I Said it First, or An Achy Breaky Day

We took the medical tour; eyes, ears, nose and throat. Today was Ear Day. The girl had a Volkswagon VW, a 1950s metallic Christmas tree and a reupholstered floral love seat removed from her ears. Oh, and an aging tube that didn’t come out on its own. I got to look through the giant lighted magnifying device and you know those caves with the giant stalactites and stalagmites, common in southern Missouri? Yeah, it looked like that. I loved the pediatric ENT so much I could have smooched him right then and there, even though we had to wait 45 minutes to see him. Wait, make that NINE YEARS and 45 minutes as it’s been that long since the girl has had ear woes and TODAY someone fixed them. Just. Like. That.

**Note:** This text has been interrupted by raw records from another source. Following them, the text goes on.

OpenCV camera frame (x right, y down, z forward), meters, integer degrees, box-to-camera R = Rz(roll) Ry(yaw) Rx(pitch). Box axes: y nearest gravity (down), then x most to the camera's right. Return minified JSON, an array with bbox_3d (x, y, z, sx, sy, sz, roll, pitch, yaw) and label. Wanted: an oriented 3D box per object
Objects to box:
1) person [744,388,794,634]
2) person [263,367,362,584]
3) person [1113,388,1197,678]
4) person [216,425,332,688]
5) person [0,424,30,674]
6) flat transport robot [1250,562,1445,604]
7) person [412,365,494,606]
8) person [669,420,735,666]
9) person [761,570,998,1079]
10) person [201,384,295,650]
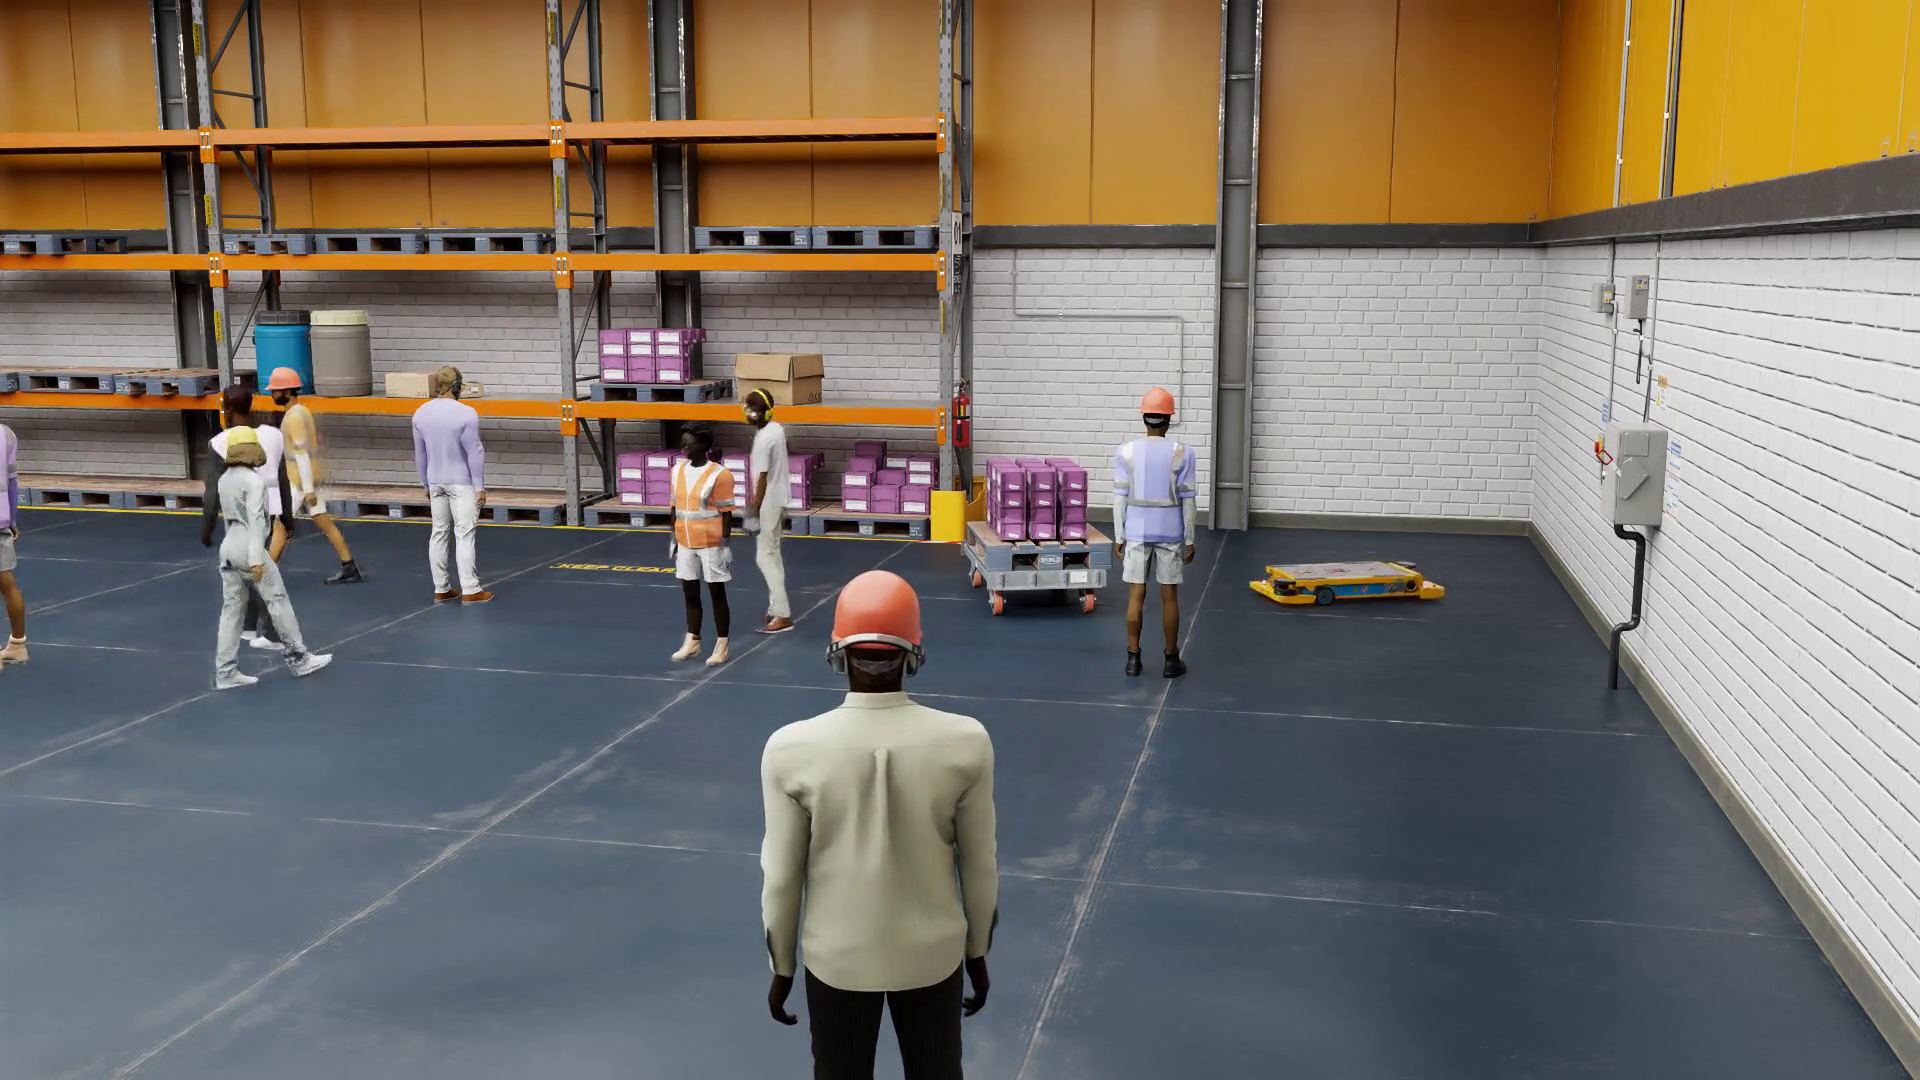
[{"bbox_3d":[-1.419,-0.223,12.450,0.353,1.837,0.661,1,10,8],"label":"person"},{"bbox_3d":[-5.610,-0.517,14.062,1.009,1.887,0.550,-2,10,-11],"label":"person"},{"bbox_3d":[1.299,-0.045,11.079,0.552,1.934,0.364,2,10,14],"label":"person"},{"bbox_3d":[-4.584,0.096,10.946,0.520,1.691,0.836,7,12,37],"label":"person"},{"bbox_3d":[-6.597,-0.113,11.170,0.383,2.039,0.614,2,10,11],"label":"person"},{"bbox_3d":[3.186,0.343,13.706,1.431,0.197,0.652,-2,10,-11],"label":"flat transport robot"},{"bbox_3d":[-4.083,-0.435,13.393,0.630,1.938,0.373,4,10,21],"label":"person"},{"bbox_3d":[-1.770,0.022,11.418,0.566,1.693,0.320,6,11,30],"label":"person"},{"bbox_3d":[-0.206,1.066,4.325,0.613,1.995,0.391,-1,10,-8],"label":"person"},{"bbox_3d":[-5.170,-0.164,11.902,0.818,1.888,0.629,4,11,25],"label":"person"}]

Anyway, in the waiting room between the audiologists’ and the ENT’s offices, the girl, peering over my shoulder, saw a photo of some dead star in the obit section.

“I’m donating to the buy her braces fund,” she said.

“Petunia!” (not her real name, but a name my mother used to call me and people’s fake names for their kids always crack me up. Once, a guy at Sears in the paint department created the color Petunia just for me.) I said, “that’s not very nice.”

“Hey, you said it first,” she said.

“I did?”

“Yeah, you said, ‘I’m donating to the Hannah Montana orthodontia fund,’” she said.

And she’s right. I did. Somebody get Billy Ray Cyrus’s kid some braces.